Rails Performance: The Database
My primary toolkit is the Ruby on Rails framework, and I mainly work with applications that have been in production for a while, which usually means they’re in need of a little pick-me-up. I thought it would be good to write a mini series about the things I typically look for when developing and maintaining Rails apps.
Picking up a Database
When I start working on an app with history the first thing I do after bundling and running the test suite is create a diagram of the database.
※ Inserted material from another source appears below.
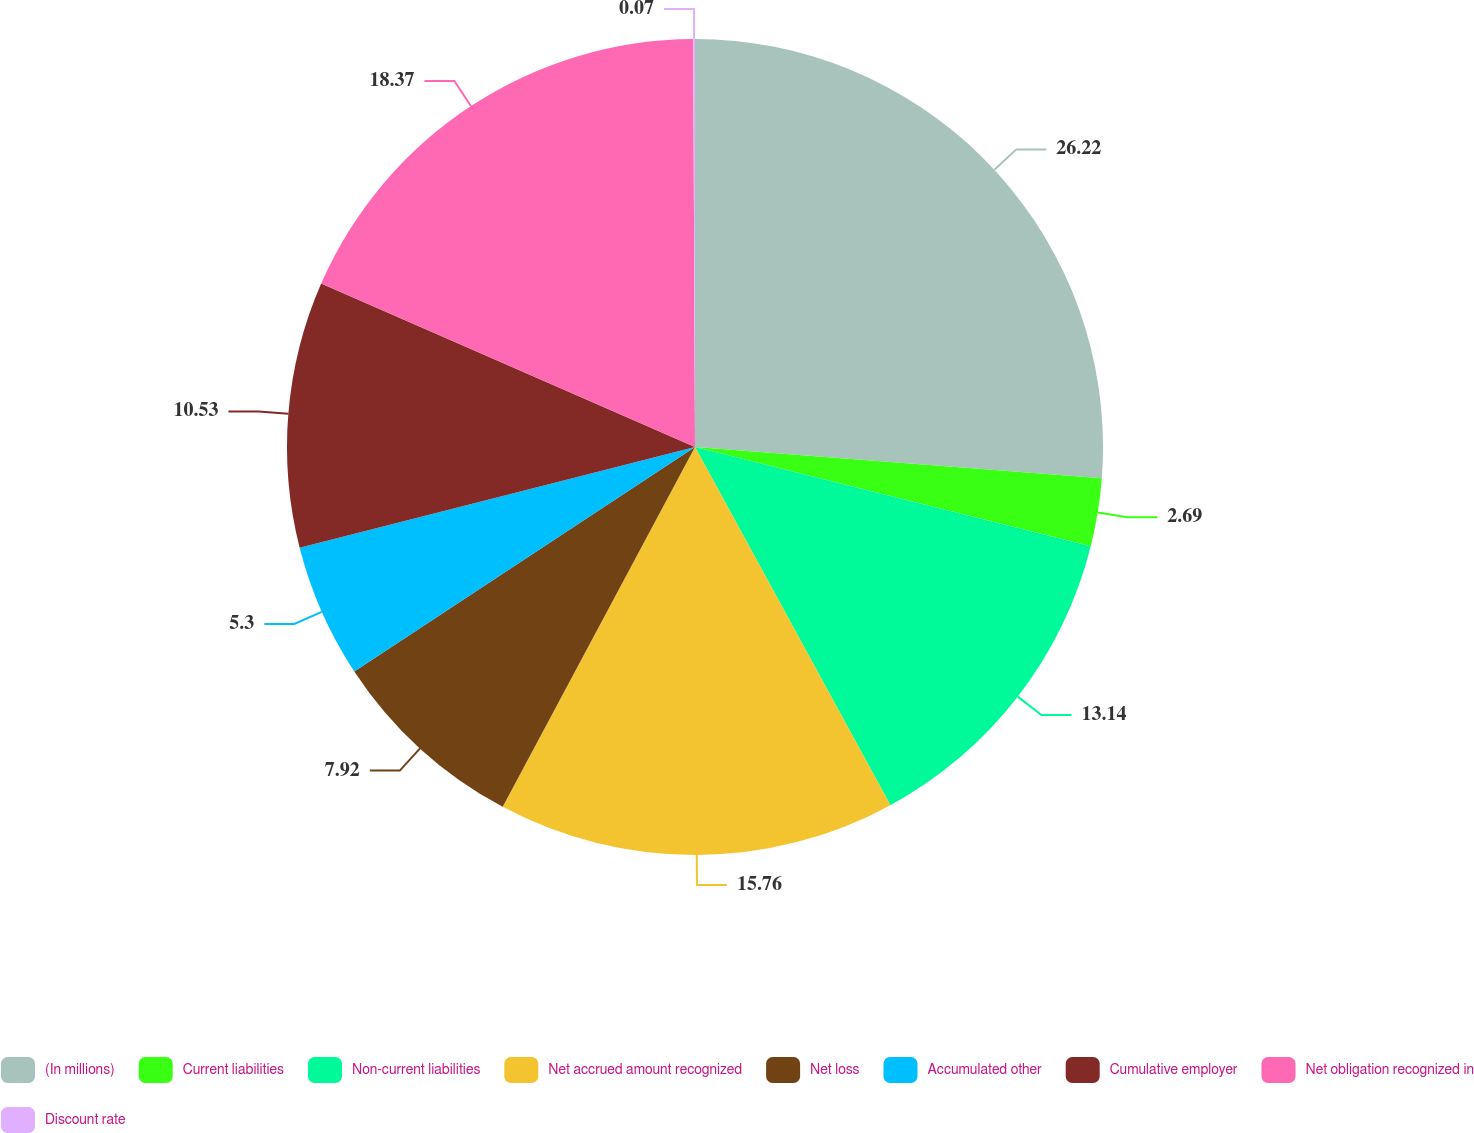Convert chart. <chart><loc_0><loc_0><loc_500><loc_500><pie_chart><fcel>(In millions)<fcel>Current liabilities<fcel>Non-current liabilities<fcel>Net accrued amount recognized<fcel>Net loss<fcel>Accumulated other<fcel>Cumulative employer<fcel>Net obligation recognized in<fcel>Discount rate<nl><fcel>26.22%<fcel>2.69%<fcel>13.14%<fcel>15.76%<fcel>7.92%<fcel>5.3%<fcel>10.53%<fcel>18.37%<fcel>0.07%<nl></chart>

This used to take up lots of time because I was doing it by hand, but recently I have been using rails-erd to automate the process.
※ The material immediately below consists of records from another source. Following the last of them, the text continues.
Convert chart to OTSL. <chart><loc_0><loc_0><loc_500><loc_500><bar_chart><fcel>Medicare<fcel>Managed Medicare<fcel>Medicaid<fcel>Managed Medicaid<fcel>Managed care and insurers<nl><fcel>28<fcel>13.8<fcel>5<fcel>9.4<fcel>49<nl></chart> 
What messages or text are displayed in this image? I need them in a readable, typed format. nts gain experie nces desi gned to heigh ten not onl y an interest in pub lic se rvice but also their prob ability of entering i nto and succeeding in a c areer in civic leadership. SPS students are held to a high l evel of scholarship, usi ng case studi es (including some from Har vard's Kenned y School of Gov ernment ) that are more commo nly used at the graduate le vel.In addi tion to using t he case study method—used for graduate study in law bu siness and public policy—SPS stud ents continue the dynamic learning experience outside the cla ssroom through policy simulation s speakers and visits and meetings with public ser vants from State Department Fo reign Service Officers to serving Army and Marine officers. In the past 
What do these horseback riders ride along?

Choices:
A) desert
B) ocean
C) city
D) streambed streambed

Running “rake erd” creates a pdf based off the applications models.
This is a massive timesaver but it does take away the process of building the ERD diagram - which is invaluable for pointing out red flags such as associations that are not needed and fields that are no longer used.
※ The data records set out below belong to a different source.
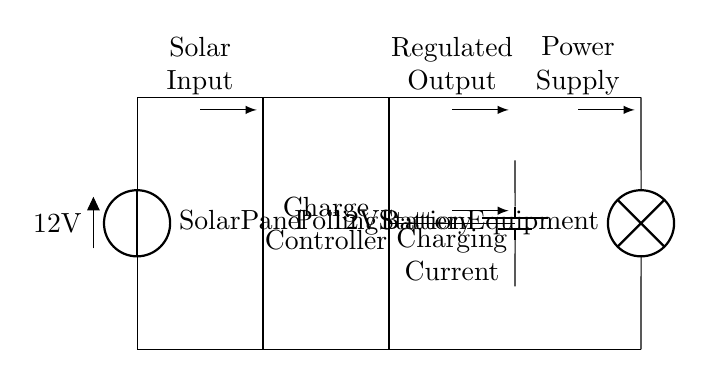What is the voltage of the solar panel? The solar panel provides a voltage of 12 volts as indicated on the diagram.
Answer: 12 volts What is the function of the charge controller? The charge controller regulates the voltage and current flowing to the battery from the solar panel, ensuring the battery is charged safely without overcharging.
Answer: Regulates charging What type of load is connected to this circuit? The load connected is labeled as "Polling Station Equipment," which indicates that it is the equipment used at the polling station.
Answer: Polling Station Equipment How many components are in the circuit? The circuit consists of four components: a solar panel, a charge controller, a battery, and a polling station equipment load.
Answer: Four components What is the purpose of the arrows in the circuit diagram? The arrows indicate the direction of current flow between the components; they show how the solar energy is converted and stored and then used to power the load.
Answer: Indicate current direction What type of battery is used in this circuit? The battery in the circuit is a 12-volt lead-acid battery, as it is a common choice for solar power systems due to its efficiency and durability.
Answer: 12-volt battery 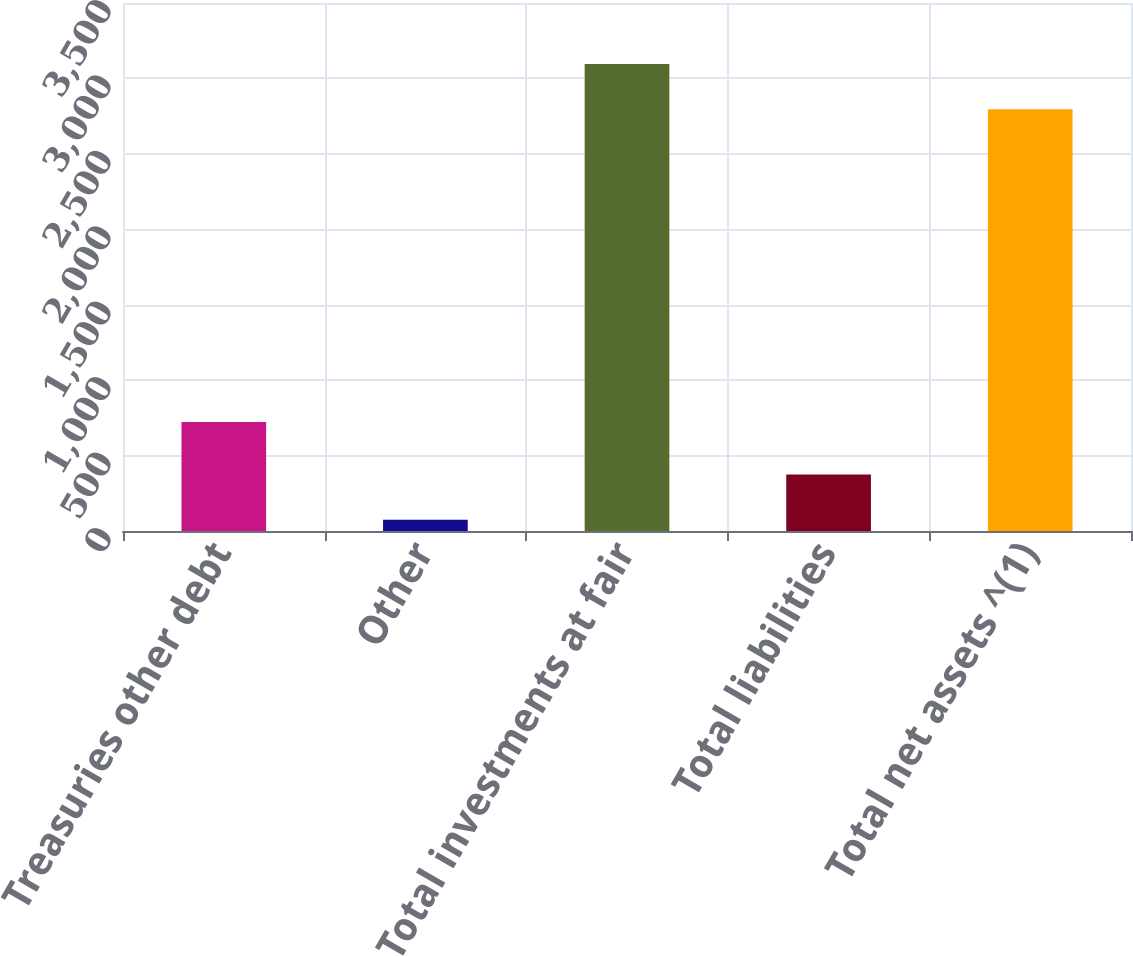<chart> <loc_0><loc_0><loc_500><loc_500><bar_chart><fcel>Treasuries other debt<fcel>Other<fcel>Total investments at fair<fcel>Total liabilities<fcel>Total net assets ^(1)<nl><fcel>723<fcel>74<fcel>3096<fcel>374<fcel>2796<nl></chart>

At secondary school I was lucky enough to take a Oracle certification in database design, and one of the core things we learned was Database Normalisation, which came with a set of guidelines for creating good databases.
The guidelines are broken into stages:
First Normal Form (1NF)
Related data should be grouped into separate tables, there should not be duplicated fields in the same table and each row should have a unique key (Primary Key).
Second Normal Form (2NF)
Separate fields into a new table that apply to multiple rows.
For example: if you have a projects table, the client should be in their own table so that when you update their address you only have to do it in one place, not in 10.
Tables should be related to each other using primary and foreign keys to join the related tables.
Third Normal Form (3NF)
Ensure the columns in the table are dependent on the primary key.
For example, if you have a teacher who is part of a department, they should be in separate tables because department is it own entity that can exist even if it hasn’t got any teachers.
Fourth and Fifth Normal Form (4NF)
Both fourth and fifth normal form discuss multivalue dependencies, which in Rails-land are Has and belong to many and has many through.
For example: a skill should not be stored in the same table as a user.
The Rails framework is pretty good at ensuring that these guidelines are followed, the generators automatically create a primary key, if you use the references migration type it will automagically set up the foreign key relation.
These rules are definitely more of a suggestion and in some cases can be ignored if there are good reasons to do so: one example is optimisation. By storing all of a users skills as a serialised array in one field you could speed up a request by removing the need for doing a SQL join.
I glossed over some of the finer details, so if you are interested in finding out more on the subject, a great technical paper to read is A Simple Guide to Five Normal Forms in Relational Database Theory. If you prefer lighter reading the about series is pretty good.